For sports, Mississippi is one big small town
Published 8:34 am Thursday, April 6, 2017
One of the many realizations that I’ve come to about Mississippi after living here for half my life is that it’s really one big small town. Everybody knows somebody who knows somebody, and there’s a kinship that exists whether you were born in Tupelo, Tchula, Vicksburg or Gulfport.
That’s especially true when it comes to sports, as Mississippi State’s women’s basketball team demonstrated with its recent run to the Final Four.
Mississippi State fans and alums, of course, were ecstatic. So were fans of Ole Miss and Southern Miss, who normally would cringe if they pricked their finger and maroon blood spilled out.

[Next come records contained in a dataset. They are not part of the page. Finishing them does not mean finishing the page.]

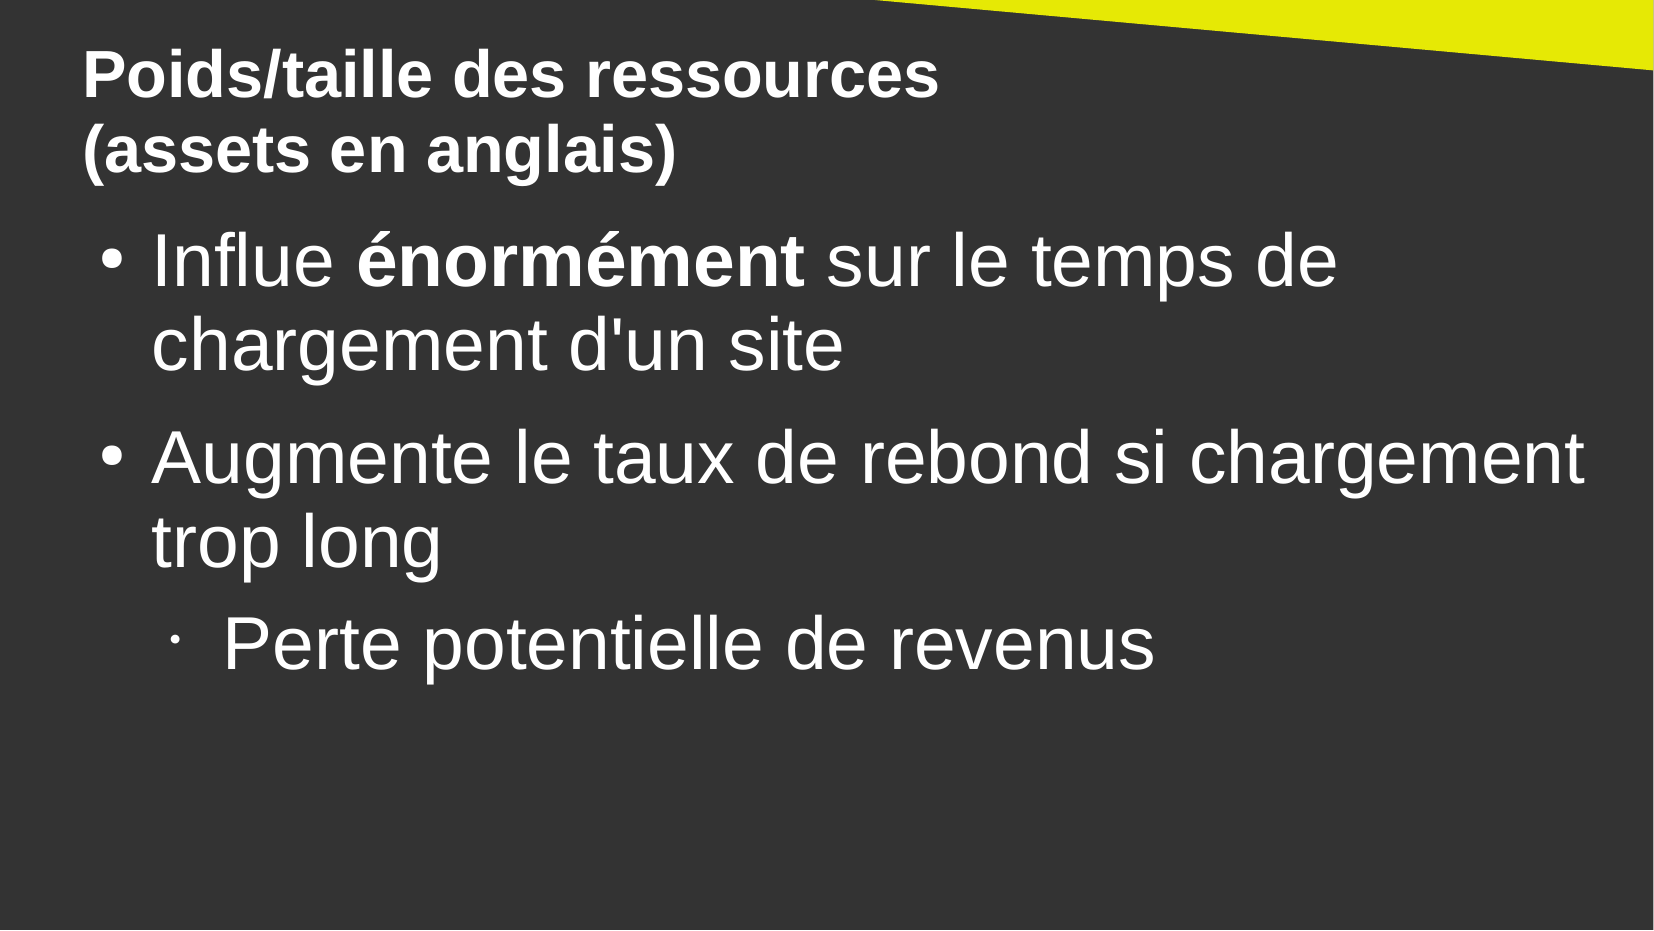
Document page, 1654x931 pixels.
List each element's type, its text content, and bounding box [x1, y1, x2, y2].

title Poids/taille des ressources (assets en anglais) [82, 37, 1571, 187]
text_box [874, 0, 1654, 71]
list Influe énormément sur le temps de chargement d'un site Augmente le taux de rebond si chargement trop long Perte potentielle de revenus [80, 218, 1620, 792]
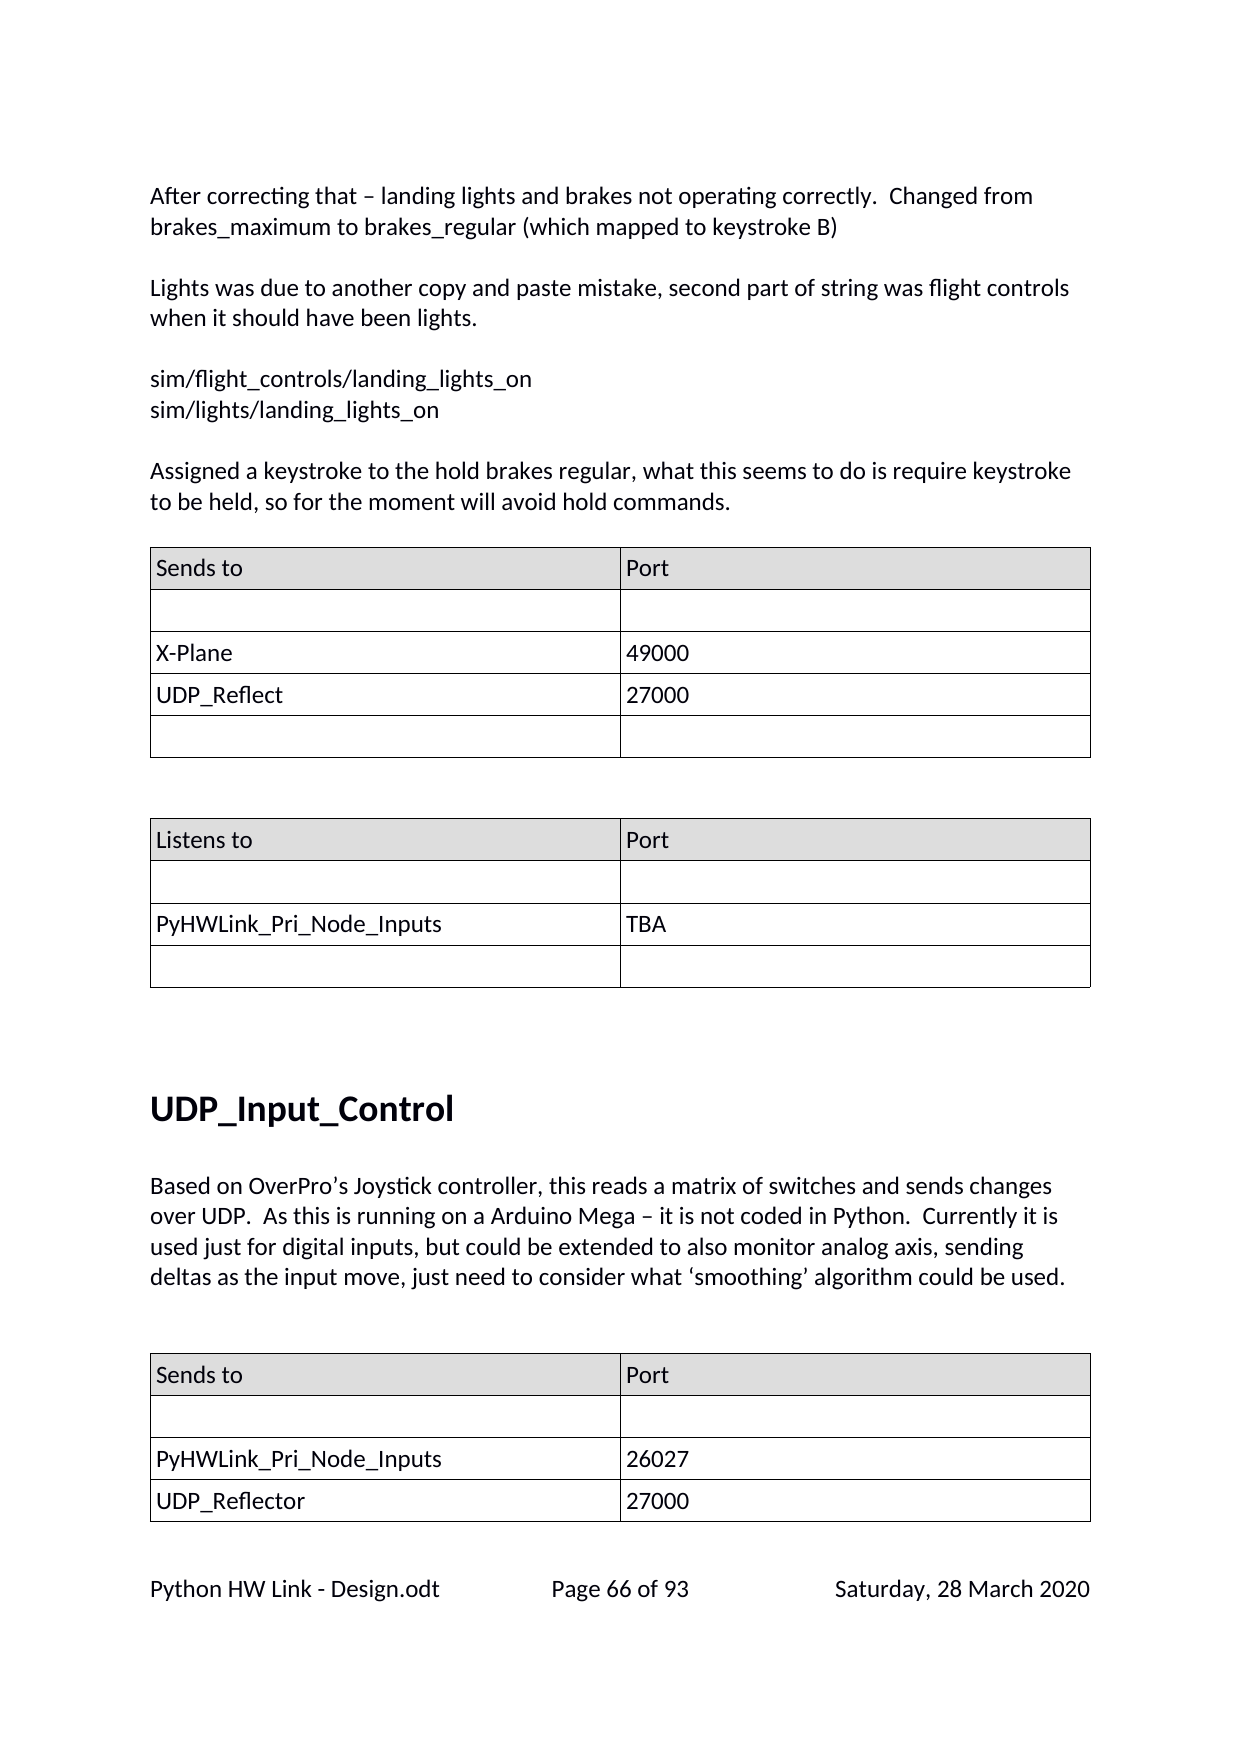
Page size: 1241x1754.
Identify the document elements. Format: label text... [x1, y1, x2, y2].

table_header Listens to [151, 819, 620, 860]
table_cell [621, 1396, 1090, 1437]
table_cell 49000 [621, 632, 1090, 673]
table_cell [621, 590, 1090, 631]
table_cell UDP_Reflector [151, 1480, 620, 1521]
table_cell [151, 946, 620, 987]
text sim/flight_controls/landing_lights_on [150, 364, 1090, 394]
table_cell [151, 590, 620, 631]
table_cell 26027 [621, 1438, 1090, 1479]
table_cell 27000 [621, 674, 1090, 715]
table_cell [621, 946, 1090, 987]
table_header Sends to [151, 1354, 620, 1395]
table_cell UDP_Reflect [151, 674, 620, 715]
text Lights was due to another copy and paste mistake, second part of string was flight controls when it should have been lights. [150, 272, 1090, 333]
table_header Port [621, 1354, 1090, 1395]
table_cell [151, 1396, 620, 1437]
table_cell [621, 716, 1090, 757]
table_header Port [621, 548, 1090, 589]
table_cell [151, 716, 620, 757]
table_cell PyHWLink_Pri_Node_Inputs [151, 904, 620, 944]
table_cell 27000 [621, 1480, 1090, 1521]
table_cell PyHWLink_Pri_Node_Inputs [151, 1438, 620, 1479]
table_cell [621, 861, 1090, 902]
text After correcting that – landing lights and brakes not operating correctly. Changed from brakes_maximum to brakes_regular (which mapped to keystroke B) [150, 181, 1090, 242]
text Based on OverPro’s Joystick controller, this reads a matrix of switches and sends changes over UDP. As this is running on a Arduino Mega – it is not coded in Python. Currently it is used just for digital inputs, but could be extended to also monitor analog axis, sending deltas as the input move, just need to consider what ‘smoothing’ algorithm could be used. [150, 1170, 1090, 1292]
table_header Port [621, 819, 1090, 860]
table_cell TBA [621, 904, 1090, 944]
table_cell [151, 861, 620, 902]
text sim/lights/landing_lights_on [150, 394, 1090, 425]
table_header Sends to [151, 548, 620, 589]
table_cell X-Plane [151, 632, 620, 673]
subtitle UDP_Input_Control [150, 1085, 1090, 1131]
text Assigned a keystroke to the hold brakes regular, what this seems to do is require keystroke to be held, so for the moment will avoid hold commands. [150, 455, 1090, 516]

Facebook and Twitter were full of support for the Bulldogs, for no other reason than they were representing us and shining a positive light on our often beleaguered state. It didn’t matter what side someone was on, it only mattered that we were rooting for our neighbors and friends.
To paraphrase JFK, Mississippi rose up and declared, “Ich bin ein Bulldog.”
It’s hardly the first time something like that has happened. We’re all proud to claim Brett Favre, Jerry Rice or the Manning brothers — even if the latter are actually from New Orleans — as our own. Any time one of the state’s colleges does well in sports on a national level, even the bitterest rivals will fall in and cheer them on.
It’s not like this everywhere. I grew up in the Northeast, where there are dozens of allegiances and geography splits people into different factions. Philadelphia Eagles fans would sooner punch themselves in the liver than root for the New York Giants to win a Super Bowl, and generally could not care less whether the Pittsburgh Steelers win one. Pennsylvania is the same size as Mississippi, but Philadelphia and Pittsburgh might as well be in different states instead of opposite sides of the same one.
Even in other SEC states people don’t pull together like they do here. LSU is the big dog in Louisiana and the other state schools are generally beneath its fans’ notice. Auburn and Alabama have such a blood feud that rooting for the other under any circumstance breaks families apart.
Mississippi is incredibly unique in the way its people genuinely put aside differences — temporarily, of course — to pull for the state to do well. Maybe it’s part of our perpetual underdog status or just our friendly side. Whatever it is, it’s a trait that makes me happy to call this state my home.